What you are asked to do: Pictures appear in the records below; write out everything else exactly.

====

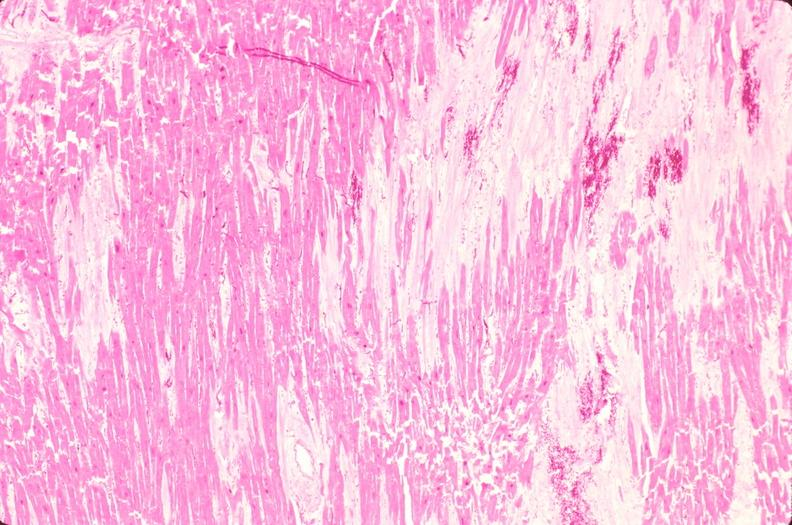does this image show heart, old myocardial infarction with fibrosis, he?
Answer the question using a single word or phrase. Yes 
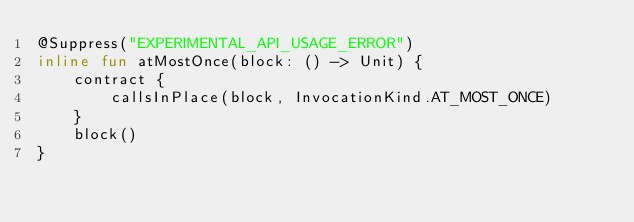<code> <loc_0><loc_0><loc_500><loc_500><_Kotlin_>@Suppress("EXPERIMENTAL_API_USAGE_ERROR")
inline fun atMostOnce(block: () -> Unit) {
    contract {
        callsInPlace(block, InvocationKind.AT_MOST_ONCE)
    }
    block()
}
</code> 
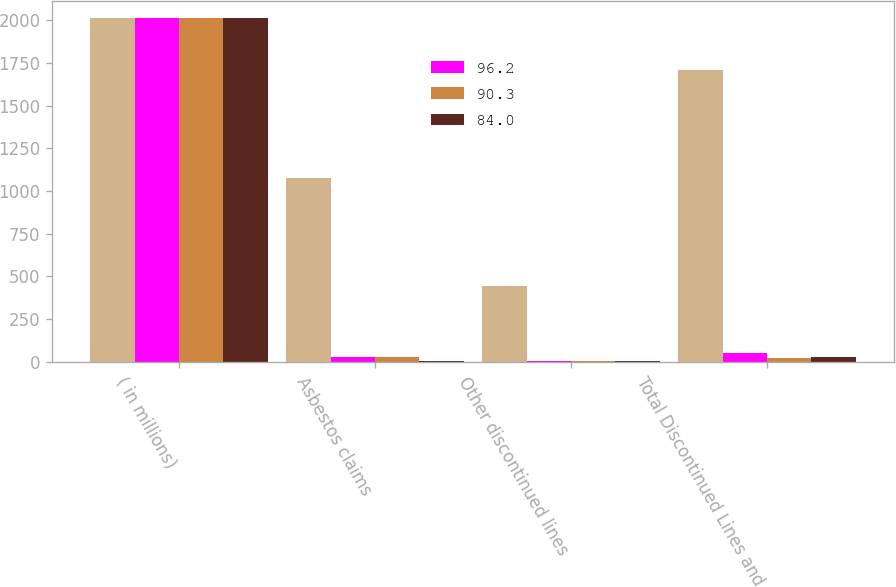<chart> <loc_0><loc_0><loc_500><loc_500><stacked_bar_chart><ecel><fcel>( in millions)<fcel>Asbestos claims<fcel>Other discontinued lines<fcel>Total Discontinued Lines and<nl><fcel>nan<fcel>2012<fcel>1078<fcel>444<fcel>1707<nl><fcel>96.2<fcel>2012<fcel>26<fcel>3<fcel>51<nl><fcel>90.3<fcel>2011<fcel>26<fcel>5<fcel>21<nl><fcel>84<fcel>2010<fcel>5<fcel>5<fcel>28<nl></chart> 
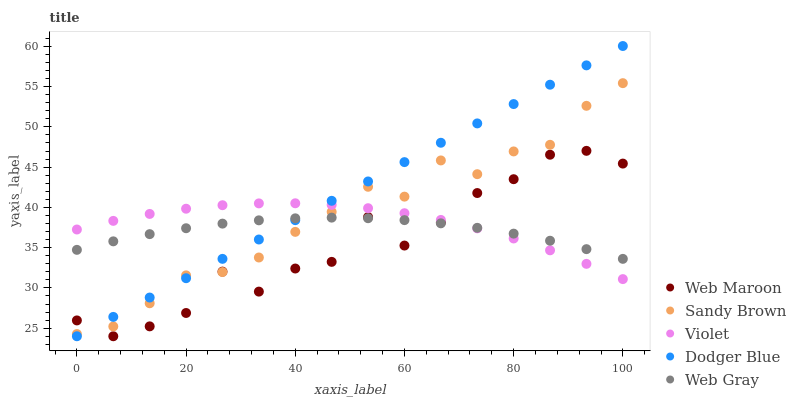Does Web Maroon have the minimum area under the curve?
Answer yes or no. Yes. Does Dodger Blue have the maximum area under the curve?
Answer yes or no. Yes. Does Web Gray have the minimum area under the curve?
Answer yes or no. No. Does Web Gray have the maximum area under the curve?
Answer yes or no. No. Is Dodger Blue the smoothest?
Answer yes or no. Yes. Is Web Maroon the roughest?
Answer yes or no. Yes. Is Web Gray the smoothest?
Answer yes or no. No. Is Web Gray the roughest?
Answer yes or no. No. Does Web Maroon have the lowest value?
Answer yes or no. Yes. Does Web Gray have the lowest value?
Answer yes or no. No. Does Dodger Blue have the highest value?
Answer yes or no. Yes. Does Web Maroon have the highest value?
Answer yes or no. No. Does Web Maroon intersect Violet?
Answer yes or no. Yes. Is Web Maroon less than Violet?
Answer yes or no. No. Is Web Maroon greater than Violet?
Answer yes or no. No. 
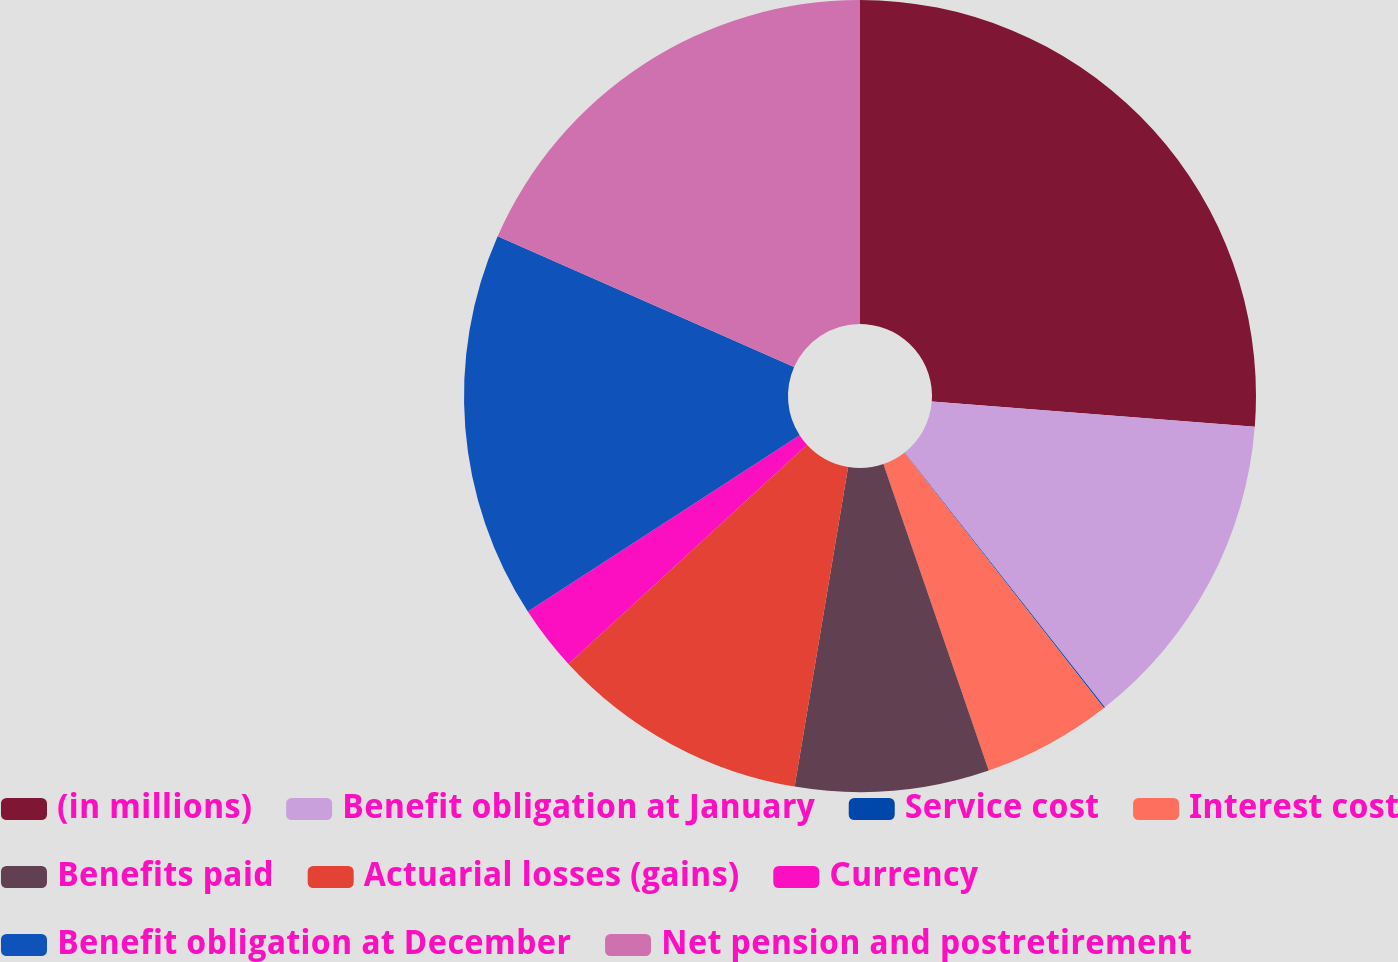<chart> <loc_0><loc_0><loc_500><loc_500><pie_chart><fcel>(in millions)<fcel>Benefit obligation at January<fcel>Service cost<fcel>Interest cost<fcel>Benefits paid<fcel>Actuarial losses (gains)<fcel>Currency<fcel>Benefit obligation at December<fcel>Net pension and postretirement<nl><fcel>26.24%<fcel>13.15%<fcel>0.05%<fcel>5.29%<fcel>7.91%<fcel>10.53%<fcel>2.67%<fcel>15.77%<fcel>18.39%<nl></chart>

====

Task answer:
does this image show heart, old myocardial infarction with fibrosis, he?
Answer the question using a single word or phrase. Yes 
<code> <loc_0><loc_0><loc_500><loc_500><_Kotlin_>@Suppress("EXPERIMENTAL_API_USAGE_ERROR")
inline fun atMostOnce(block: () -> Unit) {
    contract {
        callsInPlace(block, InvocationKind.AT_MOST_ONCE)
    }
    block()
}
</code> 
<chart> <loc_0><loc_0><loc_500><loc_500><stacked_bar_chart><ecel><fcel>( in millions)<fcel>Asbestos claims<fcel>Other discontinued lines<fcel>Total Discontinued Lines and<nl><fcel>nan<fcel>2012<fcel>1078<fcel>444<fcel>1707<nl><fcel>96.2<fcel>2012<fcel>26<fcel>3<fcel>51<nl><fcel>90.3<fcel>2011<fcel>26<fcel>5<fcel>21<nl><fcel>84<fcel>2010<fcel>5<fcel>5<fcel>28<nl></chart> 
Does Web Maroon have the minimum area under the curve?
Answer yes or no. Yes. Does Dodger Blue have the maximum area under the curve?
Answer yes or no. Yes. Does Web Gray have the minimum area under the curve?
Answer yes or no. No. Does Web Gray have the maximum area under the curve?
Answer yes or no. No. Is Dodger Blue the smoothest?
Answer yes or no. Yes. Is Web Maroon the roughest?
Answer yes or no. Yes. Is Web Gray the smoothest?
Answer yes or no. No. Is Web Gray the roughest?
Answer yes or no. No. Does Web Maroon have the lowest value?
Answer yes or no. Yes. Does Web Gray have the lowest value?
Answer yes or no. No. Does Dodger Blue have the highest value?
Answer yes or no. Yes. Does Web Maroon have the highest value?
Answer yes or no. No. Does Web Maroon intersect Violet?
Answer yes or no. Yes. Is Web Maroon less than Violet?
Answer yes or no. No. Is Web Maroon greater than Violet?
Answer yes or no. No. 
<chart> <loc_0><loc_0><loc_500><loc_500><pie_chart><fcel>(in millions)<fcel>Benefit obligation at January<fcel>Service cost<fcel>Interest cost<fcel>Benefits paid<fcel>Actuarial losses (gains)<fcel>Currency<fcel>Benefit obligation at December<fcel>Net pension and postretirement<nl><fcel>26.24%<fcel>13.15%<fcel>0.05%<fcel>5.29%<fcel>7.91%<fcel>10.53%<fcel>2.67%<fcel>15.77%<fcel>18.39%<nl></chart>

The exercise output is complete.